Assignment ▸ A complete, exact copy of the data is the required answer.

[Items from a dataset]
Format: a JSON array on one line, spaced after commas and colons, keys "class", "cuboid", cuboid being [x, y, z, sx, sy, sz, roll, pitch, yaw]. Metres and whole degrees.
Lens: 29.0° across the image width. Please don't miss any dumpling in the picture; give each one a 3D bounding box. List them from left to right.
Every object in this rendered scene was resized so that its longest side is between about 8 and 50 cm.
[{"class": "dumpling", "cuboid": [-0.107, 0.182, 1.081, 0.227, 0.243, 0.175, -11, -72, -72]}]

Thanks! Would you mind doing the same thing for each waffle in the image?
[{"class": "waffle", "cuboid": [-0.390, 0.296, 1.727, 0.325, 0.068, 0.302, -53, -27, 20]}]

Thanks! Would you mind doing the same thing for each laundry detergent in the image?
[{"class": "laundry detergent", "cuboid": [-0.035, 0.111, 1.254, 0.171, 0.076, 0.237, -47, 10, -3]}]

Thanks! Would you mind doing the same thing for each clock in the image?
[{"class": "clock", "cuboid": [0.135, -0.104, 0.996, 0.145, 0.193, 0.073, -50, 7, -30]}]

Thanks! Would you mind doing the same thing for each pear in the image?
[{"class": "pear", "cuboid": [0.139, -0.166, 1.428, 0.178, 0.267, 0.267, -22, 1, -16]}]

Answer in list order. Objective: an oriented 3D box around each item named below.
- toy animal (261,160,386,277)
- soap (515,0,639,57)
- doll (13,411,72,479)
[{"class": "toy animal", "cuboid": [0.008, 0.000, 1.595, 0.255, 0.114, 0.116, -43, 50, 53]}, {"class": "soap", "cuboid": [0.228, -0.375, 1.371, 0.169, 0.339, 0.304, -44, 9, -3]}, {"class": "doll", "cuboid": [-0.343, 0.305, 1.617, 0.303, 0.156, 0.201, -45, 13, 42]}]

Response for this exercise ▸
Format: a JSON array on one line, spaced after commas and colons, keys "class", "cuboid", cuboid being [x, y, z, sx, sy, sz, roll, pitch, yaw]. Metres and whole degrees.
Lens: 29.0° across the image width. Please don't miss any dumpling in the picture; give each one a 3D bounding box. List them from left to right.
Every object in this rendered scene was resized so that its longest side is between about 8 and 50 cm.
[{"class": "dumpling", "cuboid": [-0.107, 0.182, 1.081, 0.227, 0.243, 0.175, -11, -72, -72]}]

Thanks! Would you mind doing the same thing for each waffle in the image?
[{"class": "waffle", "cuboid": [-0.390, 0.296, 1.727, 0.325, 0.068, 0.302, -53, -27, 20]}]

Thanks! Would you mind doing the same thing for each laundry detergent in the image?
[{"class": "laundry detergent", "cuboid": [-0.035, 0.111, 1.254, 0.171, 0.076, 0.237, -47, 10, -3]}]

Thanks! Would you mind doing the same thing for each clock in the image?
[{"class": "clock", "cuboid": [0.135, -0.104, 0.996, 0.145, 0.193, 0.073, -50, 7, -30]}]

Thanks! Would you mind doing the same thing for each pear in the image?
[{"class": "pear", "cuboid": [0.139, -0.166, 1.428, 0.178, 0.267, 0.267, -22, 1, -16]}]

Answer in list order. Objective: an oriented 3D box around each item named below.
- toy animal (261,160,386,277)
- soap (515,0,639,57)
- doll (13,411,72,479)
[{"class": "toy animal", "cuboid": [0.008, 0.000, 1.595, 0.255, 0.114, 0.116, -43, 50, 53]}, {"class": "soap", "cuboid": [0.228, -0.375, 1.371, 0.169, 0.339, 0.304, -44, 9, -3]}, {"class": "doll", "cuboid": [-0.343, 0.305, 1.617, 0.303, 0.156, 0.201, -45, 13, 42]}]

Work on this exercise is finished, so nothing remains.